── Excerpted records ──
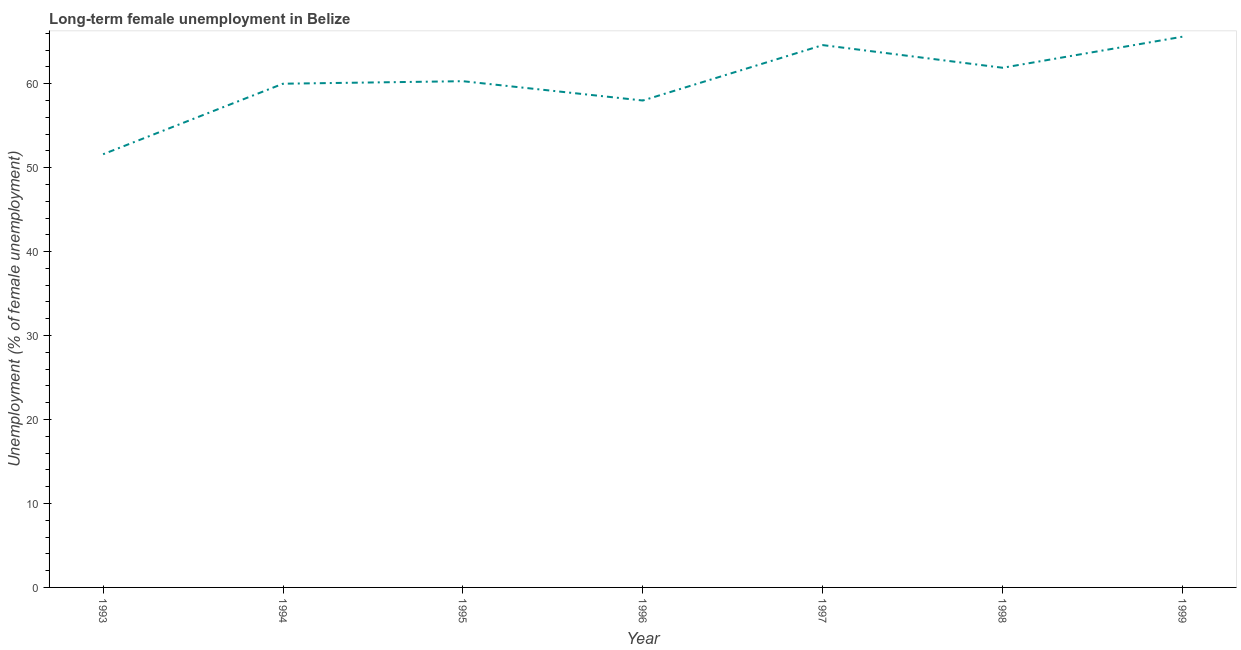What is the long-term female unemployment in 1999?
Offer a very short reply. 65.6. Across all years, what is the maximum long-term female unemployment?
Offer a terse response. 65.6. Across all years, what is the minimum long-term female unemployment?
Offer a very short reply. 51.6. In which year was the long-term female unemployment maximum?
Ensure brevity in your answer.  1999. In which year was the long-term female unemployment minimum?
Your answer should be very brief. 1993. What is the sum of the long-term female unemployment?
Your answer should be very brief. 422. What is the difference between the long-term female unemployment in 1996 and 1998?
Provide a succinct answer. -3.9. What is the average long-term female unemployment per year?
Provide a short and direct response. 60.29. What is the median long-term female unemployment?
Provide a succinct answer. 60.3. What is the ratio of the long-term female unemployment in 1993 to that in 1995?
Your response must be concise. 0.86. Is the difference between the long-term female unemployment in 1998 and 1999 greater than the difference between any two years?
Provide a succinct answer. No. Is the sum of the long-term female unemployment in 1995 and 1998 greater than the maximum long-term female unemployment across all years?
Keep it short and to the point. Yes. What is the difference between the highest and the lowest long-term female unemployment?
Give a very brief answer. 14. In how many years, is the long-term female unemployment greater than the average long-term female unemployment taken over all years?
Your response must be concise. 4. How many lines are there?
Offer a very short reply. 1. How many years are there in the graph?
Provide a short and direct response. 7. What is the difference between two consecutive major ticks on the Y-axis?
Your answer should be very brief. 10. Does the graph contain any zero values?
Make the answer very short. No. What is the title of the graph?
Provide a short and direct response. Long-term female unemployment in Belize. What is the label or title of the X-axis?
Offer a terse response. Year. What is the label or title of the Y-axis?
Make the answer very short. Unemployment (% of female unemployment). What is the Unemployment (% of female unemployment) of 1993?
Ensure brevity in your answer.  51.6. What is the Unemployment (% of female unemployment) of 1994?
Give a very brief answer. 60. What is the Unemployment (% of female unemployment) of 1995?
Make the answer very short. 60.3. What is the Unemployment (% of female unemployment) of 1996?
Your answer should be very brief. 58. What is the Unemployment (% of female unemployment) of 1997?
Offer a very short reply. 64.6. What is the Unemployment (% of female unemployment) of 1998?
Your response must be concise. 61.9. What is the Unemployment (% of female unemployment) of 1999?
Make the answer very short. 65.6. What is the difference between the Unemployment (% of female unemployment) in 1993 and 1994?
Ensure brevity in your answer.  -8.4. What is the difference between the Unemployment (% of female unemployment) in 1993 and 1996?
Give a very brief answer. -6.4. What is the difference between the Unemployment (% of female unemployment) in 1994 and 1995?
Give a very brief answer. -0.3. What is the difference between the Unemployment (% of female unemployment) in 1994 and 1996?
Offer a terse response. 2. What is the difference between the Unemployment (% of female unemployment) in 1994 and 1997?
Offer a very short reply. -4.6. What is the difference between the Unemployment (% of female unemployment) in 1994 and 1998?
Provide a succinct answer. -1.9. What is the difference between the Unemployment (% of female unemployment) in 1994 and 1999?
Offer a terse response. -5.6. What is the difference between the Unemployment (% of female unemployment) in 1995 and 1997?
Give a very brief answer. -4.3. What is the difference between the Unemployment (% of female unemployment) in 1996 and 1997?
Ensure brevity in your answer.  -6.6. What is the difference between the Unemployment (% of female unemployment) in 1997 and 1998?
Provide a short and direct response. 2.7. What is the difference between the Unemployment (% of female unemployment) in 1997 and 1999?
Provide a succinct answer. -1. What is the ratio of the Unemployment (% of female unemployment) in 1993 to that in 1994?
Provide a succinct answer. 0.86. What is the ratio of the Unemployment (% of female unemployment) in 1993 to that in 1995?
Your response must be concise. 0.86. What is the ratio of the Unemployment (% of female unemployment) in 1993 to that in 1996?
Provide a short and direct response. 0.89. What is the ratio of the Unemployment (% of female unemployment) in 1993 to that in 1997?
Ensure brevity in your answer.  0.8. What is the ratio of the Unemployment (% of female unemployment) in 1993 to that in 1998?
Provide a succinct answer. 0.83. What is the ratio of the Unemployment (% of female unemployment) in 1993 to that in 1999?
Give a very brief answer. 0.79. What is the ratio of the Unemployment (% of female unemployment) in 1994 to that in 1995?
Offer a very short reply. 0.99. What is the ratio of the Unemployment (% of female unemployment) in 1994 to that in 1996?
Give a very brief answer. 1.03. What is the ratio of the Unemployment (% of female unemployment) in 1994 to that in 1997?
Provide a short and direct response. 0.93. What is the ratio of the Unemployment (% of female unemployment) in 1994 to that in 1999?
Ensure brevity in your answer.  0.92. What is the ratio of the Unemployment (% of female unemployment) in 1995 to that in 1996?
Make the answer very short. 1.04. What is the ratio of the Unemployment (% of female unemployment) in 1995 to that in 1997?
Your response must be concise. 0.93. What is the ratio of the Unemployment (% of female unemployment) in 1995 to that in 1999?
Ensure brevity in your answer.  0.92. What is the ratio of the Unemployment (% of female unemployment) in 1996 to that in 1997?
Provide a succinct answer. 0.9. What is the ratio of the Unemployment (% of female unemployment) in 1996 to that in 1998?
Ensure brevity in your answer.  0.94. What is the ratio of the Unemployment (% of female unemployment) in 1996 to that in 1999?
Ensure brevity in your answer.  0.88. What is the ratio of the Unemployment (% of female unemployment) in 1997 to that in 1998?
Ensure brevity in your answer.  1.04. What is the ratio of the Unemployment (% of female unemployment) in 1997 to that in 1999?
Offer a terse response. 0.98. What is the ratio of the Unemployment (% of female unemployment) in 1998 to that in 1999?
Offer a very short reply. 0.94. 
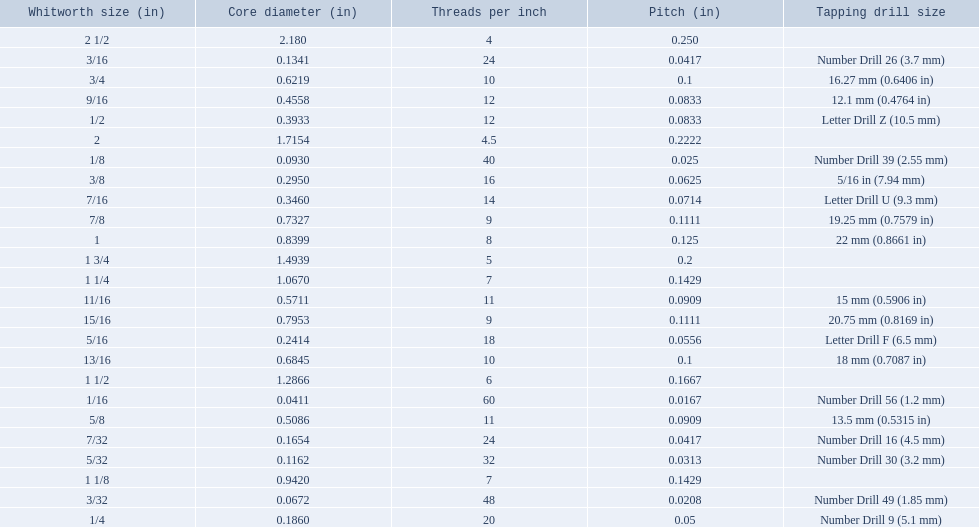What are all the whitworth sizes? 1/16, 3/32, 1/8, 5/32, 3/16, 7/32, 1/4, 5/16, 3/8, 7/16, 1/2, 9/16, 5/8, 11/16, 3/4, 13/16, 7/8, 15/16, 1, 1 1/8, 1 1/4, 1 1/2, 1 3/4, 2, 2 1/2. What are the threads per inch of these sizes? 60, 48, 40, 32, 24, 24, 20, 18, 16, 14, 12, 12, 11, 11, 10, 10, 9, 9, 8, 7, 7, 6, 5, 4.5, 4. Of these, which are 5? 5. What whitworth size has this threads per inch? 1 3/4. 
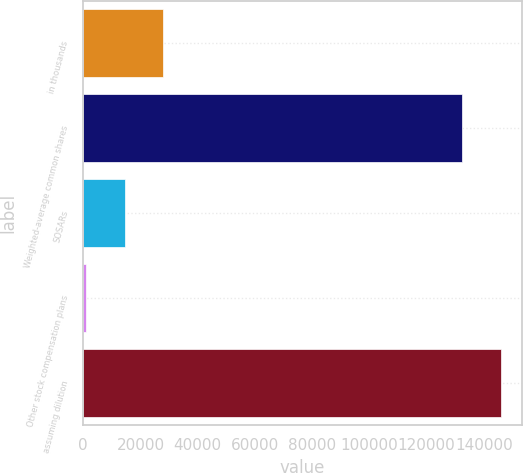<chart> <loc_0><loc_0><loc_500><loc_500><bar_chart><fcel>in thousands<fcel>Weighted-average common shares<fcel>SOSARs<fcel>Other stock compensation plans<fcel>assuming dilution<nl><fcel>27831.6<fcel>132513<fcel>14450.8<fcel>1070<fcel>145894<nl></chart>
───
*Problem details:* Copy out the lines above with "title" in them.

*Reply:*
Make the answer very short. No. What is the title of the graph?
Provide a short and direct response. Long-term female unemployment in Belize. What is the label or title of the X-axis?
Offer a terse response. Year. What is the label or title of the Y-axis?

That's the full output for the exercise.